By winning the World Series late last month, St. Louis managed to beat the 1987 Minnesota Twins club (85 wins) for fewest regular season wins by a championship team. The Cardinals managed an anemic 83-78 record in the regular season.
Fans might naturally ask why this Cardinals team that sliced so easily through the playoffs struggled so much even to make the playoffs. Answer: It wasn't the same team that started the season. Amazingly, Cardinals management acquired 10 of the players on its closing roster by trade, waivers, or promotion from the minor leagues during 2006. The Cardinals-and especially St.
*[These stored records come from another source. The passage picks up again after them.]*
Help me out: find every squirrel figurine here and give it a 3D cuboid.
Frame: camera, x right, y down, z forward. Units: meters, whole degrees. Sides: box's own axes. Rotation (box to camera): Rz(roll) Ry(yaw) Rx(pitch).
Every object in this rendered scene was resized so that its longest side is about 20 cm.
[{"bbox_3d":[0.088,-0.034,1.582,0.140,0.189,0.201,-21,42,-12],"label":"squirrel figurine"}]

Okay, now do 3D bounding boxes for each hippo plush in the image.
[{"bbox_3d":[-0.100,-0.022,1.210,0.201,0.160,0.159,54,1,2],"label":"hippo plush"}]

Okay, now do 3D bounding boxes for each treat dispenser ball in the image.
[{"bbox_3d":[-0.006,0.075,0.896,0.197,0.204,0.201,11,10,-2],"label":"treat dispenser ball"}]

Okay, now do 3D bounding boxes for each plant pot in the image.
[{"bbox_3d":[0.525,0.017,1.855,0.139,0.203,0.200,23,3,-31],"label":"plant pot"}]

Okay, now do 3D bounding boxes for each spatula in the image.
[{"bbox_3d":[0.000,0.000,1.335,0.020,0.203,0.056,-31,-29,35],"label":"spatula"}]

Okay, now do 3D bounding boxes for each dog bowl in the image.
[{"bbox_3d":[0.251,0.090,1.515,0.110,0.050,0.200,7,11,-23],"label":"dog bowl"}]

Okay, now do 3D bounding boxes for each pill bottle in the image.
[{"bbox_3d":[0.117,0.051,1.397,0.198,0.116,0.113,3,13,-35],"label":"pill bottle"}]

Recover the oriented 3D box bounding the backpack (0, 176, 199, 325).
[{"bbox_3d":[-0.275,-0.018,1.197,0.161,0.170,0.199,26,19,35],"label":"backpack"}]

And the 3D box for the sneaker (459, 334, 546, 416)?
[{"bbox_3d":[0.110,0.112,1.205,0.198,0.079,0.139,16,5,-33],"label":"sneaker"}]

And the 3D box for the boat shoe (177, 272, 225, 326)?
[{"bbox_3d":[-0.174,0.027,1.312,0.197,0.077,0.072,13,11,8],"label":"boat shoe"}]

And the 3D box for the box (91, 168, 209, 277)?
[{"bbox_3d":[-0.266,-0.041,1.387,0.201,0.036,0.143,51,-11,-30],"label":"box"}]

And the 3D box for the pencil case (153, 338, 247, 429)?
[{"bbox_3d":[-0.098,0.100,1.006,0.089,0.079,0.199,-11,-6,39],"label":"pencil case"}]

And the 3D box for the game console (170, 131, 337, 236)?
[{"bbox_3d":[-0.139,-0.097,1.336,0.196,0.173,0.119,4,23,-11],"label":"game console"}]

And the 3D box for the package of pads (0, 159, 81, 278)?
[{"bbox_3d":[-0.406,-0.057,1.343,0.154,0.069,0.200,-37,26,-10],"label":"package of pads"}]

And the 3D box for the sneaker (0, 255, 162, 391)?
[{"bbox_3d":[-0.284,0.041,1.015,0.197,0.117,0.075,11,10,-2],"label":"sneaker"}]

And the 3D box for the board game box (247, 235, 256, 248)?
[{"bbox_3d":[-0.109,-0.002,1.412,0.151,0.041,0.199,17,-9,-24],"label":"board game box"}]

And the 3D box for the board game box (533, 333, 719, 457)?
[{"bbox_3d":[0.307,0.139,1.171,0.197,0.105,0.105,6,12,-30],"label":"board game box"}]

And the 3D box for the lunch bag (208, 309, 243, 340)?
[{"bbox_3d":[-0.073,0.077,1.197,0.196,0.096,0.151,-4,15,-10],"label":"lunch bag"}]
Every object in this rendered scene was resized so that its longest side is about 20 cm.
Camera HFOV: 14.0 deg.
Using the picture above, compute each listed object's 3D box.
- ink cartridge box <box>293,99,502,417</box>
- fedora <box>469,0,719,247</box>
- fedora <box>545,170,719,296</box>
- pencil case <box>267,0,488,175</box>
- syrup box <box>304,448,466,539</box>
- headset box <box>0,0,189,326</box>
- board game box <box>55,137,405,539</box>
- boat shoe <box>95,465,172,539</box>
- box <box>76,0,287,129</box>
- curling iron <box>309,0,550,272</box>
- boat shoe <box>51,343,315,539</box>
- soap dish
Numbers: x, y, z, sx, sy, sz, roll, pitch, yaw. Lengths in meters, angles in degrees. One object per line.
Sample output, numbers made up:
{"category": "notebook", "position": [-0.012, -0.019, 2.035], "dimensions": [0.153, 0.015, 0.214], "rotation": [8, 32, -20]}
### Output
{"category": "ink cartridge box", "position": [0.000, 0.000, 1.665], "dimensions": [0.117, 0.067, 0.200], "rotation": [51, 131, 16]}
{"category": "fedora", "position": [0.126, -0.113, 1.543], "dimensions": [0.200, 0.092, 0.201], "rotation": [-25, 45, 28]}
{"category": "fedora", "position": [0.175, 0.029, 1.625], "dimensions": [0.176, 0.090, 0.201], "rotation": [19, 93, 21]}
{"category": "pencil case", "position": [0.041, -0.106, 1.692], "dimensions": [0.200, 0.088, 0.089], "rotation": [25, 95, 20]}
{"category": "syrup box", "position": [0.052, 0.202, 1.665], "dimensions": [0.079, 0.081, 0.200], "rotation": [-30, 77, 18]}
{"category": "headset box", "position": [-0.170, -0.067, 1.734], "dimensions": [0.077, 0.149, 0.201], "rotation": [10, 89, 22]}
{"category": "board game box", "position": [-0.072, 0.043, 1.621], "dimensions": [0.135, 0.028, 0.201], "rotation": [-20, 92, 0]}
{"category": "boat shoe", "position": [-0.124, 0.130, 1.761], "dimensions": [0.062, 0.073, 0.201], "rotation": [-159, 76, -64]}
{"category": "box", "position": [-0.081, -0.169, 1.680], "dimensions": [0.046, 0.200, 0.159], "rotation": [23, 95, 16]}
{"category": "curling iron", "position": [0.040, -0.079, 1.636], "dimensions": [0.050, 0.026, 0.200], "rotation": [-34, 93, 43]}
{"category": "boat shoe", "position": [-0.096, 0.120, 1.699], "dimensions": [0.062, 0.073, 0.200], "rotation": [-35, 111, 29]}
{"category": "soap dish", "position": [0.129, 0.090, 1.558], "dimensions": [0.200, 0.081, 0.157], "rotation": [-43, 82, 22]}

Louis' bullpen-coalesced just in time for the club to make the playoffs and then make its run.
The Cardinals even added three scrap-heap players who each in his own way gave St. Louis a boost. Both Preston Wilson, released by Houston near midseason, and Ronnie Belliard, a trade-deadline acquisition, played extensively in the playoffs. Jeff Weaver, a cast-off from the New York Yankees and the Los Angeles Dodgers, pitched a gem for the Cardinals, clinching Game 5. "Unbelievable," said Weaver moments after the champagne exploded in the Cardinals locker room. "I've come a long way this year. Just like this team, I guess. New York seems like a long time ago right now."
The bullpen seemed to materialize out of thin air after losing closer Jason Isringhausen to injury. Just in time, rookies Adam Wainwright and Tyler Johnson stepped into crucial roles and excelled. "Everybody on our team knew if we could just get in the playoffs that anything could happen, and boy it did," relief pitcher Braden Looper said. "Once we got there, we just started playing together, we started getting a few breaks, and the rest is history."
Around the Horn
NFL: Carolina wide receiver Keyshawn Johnson doesn't appreciate being compared to Dallas wide receiver Terrell Owens, who took Johnson's spot in the Cowboys lineup this season. Owens, said Johnson in a scathing interview prior to his Oct. 29 game against Dallas, "is not better than me. He is going to stay behind me, I don't care what the statistics say. He is behind me from the draft to the world in general, in life as a person, as a man and as a player on the football field. I am complete."
NBA: If Isaiah Thomas coaxes a winning season out of the listless New York Knicks, it will likely be without veteran forward Jalen Rose. The former Fab-5 Michigan standout received walking papers from the Knicks after never impressing Thomas, the Knicks GM and coach, during preseason. Rose struggled to return to all-star form after he left the Toronto Raptors.
NBA: The NBA has slapped Dallas Mavericks owner Mark Cuban with over $1.5 million in fines for his outspoken critiques of the league's officiating. Now it seems like Cuban will either have to change even more or open his pocketbook wider. The NBA owners approved a measure to establish a code of conduct that will almost certainly ban part of what has made Cuban famous: participating in team huddles and vocally complaining from his courtside seat.